Directions
Lines before the one containing "1. pin 2: stops at x = 6.5" are left out; copy that line and every later line through the end of the data exactly.

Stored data
==========

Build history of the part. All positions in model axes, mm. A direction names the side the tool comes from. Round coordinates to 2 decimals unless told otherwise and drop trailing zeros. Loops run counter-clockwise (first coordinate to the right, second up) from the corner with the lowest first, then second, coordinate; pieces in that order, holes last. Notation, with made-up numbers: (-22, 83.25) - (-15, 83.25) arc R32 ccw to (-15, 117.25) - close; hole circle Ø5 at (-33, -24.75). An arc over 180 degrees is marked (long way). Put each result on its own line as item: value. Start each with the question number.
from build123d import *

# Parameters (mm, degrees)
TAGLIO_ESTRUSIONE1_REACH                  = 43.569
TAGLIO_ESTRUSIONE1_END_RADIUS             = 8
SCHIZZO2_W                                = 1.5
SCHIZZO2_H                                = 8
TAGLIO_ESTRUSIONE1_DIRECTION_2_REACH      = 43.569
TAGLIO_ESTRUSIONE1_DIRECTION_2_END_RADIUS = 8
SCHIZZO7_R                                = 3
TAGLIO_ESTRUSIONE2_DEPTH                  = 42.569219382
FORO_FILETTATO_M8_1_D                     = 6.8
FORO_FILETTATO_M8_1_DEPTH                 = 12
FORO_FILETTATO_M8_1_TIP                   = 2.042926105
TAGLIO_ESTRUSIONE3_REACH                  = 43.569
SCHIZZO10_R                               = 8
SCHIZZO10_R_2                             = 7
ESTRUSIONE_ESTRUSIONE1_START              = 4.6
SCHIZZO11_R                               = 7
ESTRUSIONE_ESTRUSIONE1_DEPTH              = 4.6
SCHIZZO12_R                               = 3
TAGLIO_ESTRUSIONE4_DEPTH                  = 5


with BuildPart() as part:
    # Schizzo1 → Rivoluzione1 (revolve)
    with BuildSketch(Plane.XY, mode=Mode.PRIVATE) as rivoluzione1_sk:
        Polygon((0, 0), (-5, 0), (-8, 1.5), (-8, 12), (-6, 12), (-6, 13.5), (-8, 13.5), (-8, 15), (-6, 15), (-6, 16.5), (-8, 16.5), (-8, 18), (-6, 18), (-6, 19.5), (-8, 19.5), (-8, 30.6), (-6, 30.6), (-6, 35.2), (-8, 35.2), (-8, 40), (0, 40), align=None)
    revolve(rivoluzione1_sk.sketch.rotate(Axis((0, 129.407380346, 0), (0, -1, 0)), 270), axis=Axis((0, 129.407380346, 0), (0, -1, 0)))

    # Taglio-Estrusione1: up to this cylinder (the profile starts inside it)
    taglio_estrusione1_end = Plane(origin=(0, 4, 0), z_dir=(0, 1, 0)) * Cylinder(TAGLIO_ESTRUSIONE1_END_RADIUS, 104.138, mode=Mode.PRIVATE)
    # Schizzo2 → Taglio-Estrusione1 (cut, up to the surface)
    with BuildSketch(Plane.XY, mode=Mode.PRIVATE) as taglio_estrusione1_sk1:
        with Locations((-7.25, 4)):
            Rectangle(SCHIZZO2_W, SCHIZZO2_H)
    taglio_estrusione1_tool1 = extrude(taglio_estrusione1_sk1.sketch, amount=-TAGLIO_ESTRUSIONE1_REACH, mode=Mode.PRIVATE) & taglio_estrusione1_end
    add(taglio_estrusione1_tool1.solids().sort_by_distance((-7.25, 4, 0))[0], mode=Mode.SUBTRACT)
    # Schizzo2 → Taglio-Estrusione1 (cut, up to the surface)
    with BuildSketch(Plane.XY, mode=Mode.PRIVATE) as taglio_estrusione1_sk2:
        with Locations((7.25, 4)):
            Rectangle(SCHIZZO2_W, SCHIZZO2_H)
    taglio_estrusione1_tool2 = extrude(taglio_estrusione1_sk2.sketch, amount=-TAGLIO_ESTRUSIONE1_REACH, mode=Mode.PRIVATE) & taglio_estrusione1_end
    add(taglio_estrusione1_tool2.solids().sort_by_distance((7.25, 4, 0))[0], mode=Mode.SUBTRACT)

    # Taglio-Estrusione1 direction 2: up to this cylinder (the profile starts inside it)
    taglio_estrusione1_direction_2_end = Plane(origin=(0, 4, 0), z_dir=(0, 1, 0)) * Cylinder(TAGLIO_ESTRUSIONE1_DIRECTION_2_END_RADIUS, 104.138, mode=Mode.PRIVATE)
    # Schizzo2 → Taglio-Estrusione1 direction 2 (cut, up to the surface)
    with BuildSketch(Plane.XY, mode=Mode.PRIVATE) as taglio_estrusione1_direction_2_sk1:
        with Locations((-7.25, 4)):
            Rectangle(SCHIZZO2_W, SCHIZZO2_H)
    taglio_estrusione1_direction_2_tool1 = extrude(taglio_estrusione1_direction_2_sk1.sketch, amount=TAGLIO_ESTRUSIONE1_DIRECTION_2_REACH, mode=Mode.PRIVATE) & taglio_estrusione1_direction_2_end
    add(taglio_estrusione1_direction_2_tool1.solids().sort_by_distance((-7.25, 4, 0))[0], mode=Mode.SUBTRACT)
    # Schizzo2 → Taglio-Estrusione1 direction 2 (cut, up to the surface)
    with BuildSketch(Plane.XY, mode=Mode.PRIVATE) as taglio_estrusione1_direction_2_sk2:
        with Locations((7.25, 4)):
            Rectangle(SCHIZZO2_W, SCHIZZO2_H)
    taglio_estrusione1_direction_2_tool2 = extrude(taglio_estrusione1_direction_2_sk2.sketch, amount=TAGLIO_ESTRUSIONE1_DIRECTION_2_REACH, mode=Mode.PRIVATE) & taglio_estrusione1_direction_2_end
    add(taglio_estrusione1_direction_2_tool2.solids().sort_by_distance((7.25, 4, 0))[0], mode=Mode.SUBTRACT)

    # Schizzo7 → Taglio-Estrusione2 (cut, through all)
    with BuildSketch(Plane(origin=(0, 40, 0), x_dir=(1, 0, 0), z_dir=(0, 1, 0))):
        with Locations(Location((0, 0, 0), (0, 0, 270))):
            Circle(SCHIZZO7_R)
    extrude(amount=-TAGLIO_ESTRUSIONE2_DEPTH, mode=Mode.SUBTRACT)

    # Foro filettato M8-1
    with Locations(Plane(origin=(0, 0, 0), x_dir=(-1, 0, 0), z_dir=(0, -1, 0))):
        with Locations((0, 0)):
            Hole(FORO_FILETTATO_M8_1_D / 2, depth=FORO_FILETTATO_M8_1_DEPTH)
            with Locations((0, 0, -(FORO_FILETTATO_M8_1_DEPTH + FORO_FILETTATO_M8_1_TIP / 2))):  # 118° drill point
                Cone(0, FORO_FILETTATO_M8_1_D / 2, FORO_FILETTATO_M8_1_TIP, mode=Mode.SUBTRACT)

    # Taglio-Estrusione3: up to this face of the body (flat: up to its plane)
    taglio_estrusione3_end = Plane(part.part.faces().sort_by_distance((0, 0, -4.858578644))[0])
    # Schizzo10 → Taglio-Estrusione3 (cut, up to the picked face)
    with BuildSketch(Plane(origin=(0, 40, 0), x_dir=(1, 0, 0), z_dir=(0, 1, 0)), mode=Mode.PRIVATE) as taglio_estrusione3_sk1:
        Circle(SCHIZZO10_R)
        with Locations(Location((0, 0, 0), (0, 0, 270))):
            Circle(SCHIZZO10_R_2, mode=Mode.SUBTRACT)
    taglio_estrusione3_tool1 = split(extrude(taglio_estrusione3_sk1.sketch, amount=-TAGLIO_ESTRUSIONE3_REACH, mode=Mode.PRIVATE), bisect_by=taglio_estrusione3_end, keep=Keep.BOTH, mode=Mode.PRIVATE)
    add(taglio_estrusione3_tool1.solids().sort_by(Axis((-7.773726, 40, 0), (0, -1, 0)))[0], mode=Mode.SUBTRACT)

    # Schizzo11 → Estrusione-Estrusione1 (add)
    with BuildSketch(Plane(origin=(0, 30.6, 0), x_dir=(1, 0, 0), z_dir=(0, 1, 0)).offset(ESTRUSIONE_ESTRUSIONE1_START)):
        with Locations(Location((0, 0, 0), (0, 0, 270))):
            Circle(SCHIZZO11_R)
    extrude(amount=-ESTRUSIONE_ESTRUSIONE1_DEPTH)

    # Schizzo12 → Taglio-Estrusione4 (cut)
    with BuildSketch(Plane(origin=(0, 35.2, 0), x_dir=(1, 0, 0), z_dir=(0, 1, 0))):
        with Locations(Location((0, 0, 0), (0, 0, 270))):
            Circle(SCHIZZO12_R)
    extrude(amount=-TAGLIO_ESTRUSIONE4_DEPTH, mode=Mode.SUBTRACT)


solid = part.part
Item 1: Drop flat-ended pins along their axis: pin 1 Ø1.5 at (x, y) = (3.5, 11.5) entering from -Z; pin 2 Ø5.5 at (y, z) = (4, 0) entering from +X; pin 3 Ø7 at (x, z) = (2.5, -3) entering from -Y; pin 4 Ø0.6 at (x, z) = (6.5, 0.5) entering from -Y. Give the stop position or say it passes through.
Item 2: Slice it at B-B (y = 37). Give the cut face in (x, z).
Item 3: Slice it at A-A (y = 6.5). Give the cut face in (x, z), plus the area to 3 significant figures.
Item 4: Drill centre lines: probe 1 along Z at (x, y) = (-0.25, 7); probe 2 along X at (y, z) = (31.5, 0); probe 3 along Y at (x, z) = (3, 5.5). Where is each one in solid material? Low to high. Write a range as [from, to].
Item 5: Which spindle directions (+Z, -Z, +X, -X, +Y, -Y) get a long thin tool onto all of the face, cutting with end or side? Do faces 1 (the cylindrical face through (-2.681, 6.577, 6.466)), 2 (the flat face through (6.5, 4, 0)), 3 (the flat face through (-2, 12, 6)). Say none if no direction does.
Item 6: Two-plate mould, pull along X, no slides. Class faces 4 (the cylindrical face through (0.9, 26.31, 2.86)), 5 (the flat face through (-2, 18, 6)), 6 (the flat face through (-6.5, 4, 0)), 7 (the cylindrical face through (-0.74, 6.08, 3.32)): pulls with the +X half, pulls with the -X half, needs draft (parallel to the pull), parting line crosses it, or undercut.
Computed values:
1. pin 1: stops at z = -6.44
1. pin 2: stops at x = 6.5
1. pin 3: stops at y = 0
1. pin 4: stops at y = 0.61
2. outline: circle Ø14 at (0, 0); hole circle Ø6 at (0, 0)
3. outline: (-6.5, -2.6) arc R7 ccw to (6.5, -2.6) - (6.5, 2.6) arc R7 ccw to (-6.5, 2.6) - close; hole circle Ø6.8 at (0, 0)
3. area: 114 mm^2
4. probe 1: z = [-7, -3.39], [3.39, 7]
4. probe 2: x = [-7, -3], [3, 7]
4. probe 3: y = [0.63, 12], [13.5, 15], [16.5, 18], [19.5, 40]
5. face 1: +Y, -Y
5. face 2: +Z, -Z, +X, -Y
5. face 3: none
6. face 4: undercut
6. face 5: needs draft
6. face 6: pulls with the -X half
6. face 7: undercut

==========

Task answer
1. pin 2: stops at x = 6.5
1. pin 3: stops at y = 0
1. pin 4: stops at y = 0.61
2. outline: circle Ø14 at (0, 0); hole circle Ø6 at (0, 0)
3. outline: (-6.5, -2.6) arc R7 ccw to (6.5, -2.6) - (6.5, 2.6) arc R7 ccw to (-6.5, 2.6) - close; hole circle Ø6.8 at (0, 0)
3. area: 114 mm^2
4. probe 1: z = [-7, -3.39], [3.39, 7]
4. probe 2: x = [-7, -3], [3, 7]
4. probe 3: y = [0.63, 12], [13.5, 15], [16.5, 18], [19.5, 40]
5. face 1: +Y, -Y
5. face 2: +Z, -Z, +X, -Y
5. face 3: none
6. face 4: undercut
6. face 5: needs draft
6. face 6: pulls with the -X half
6. face 7: undercut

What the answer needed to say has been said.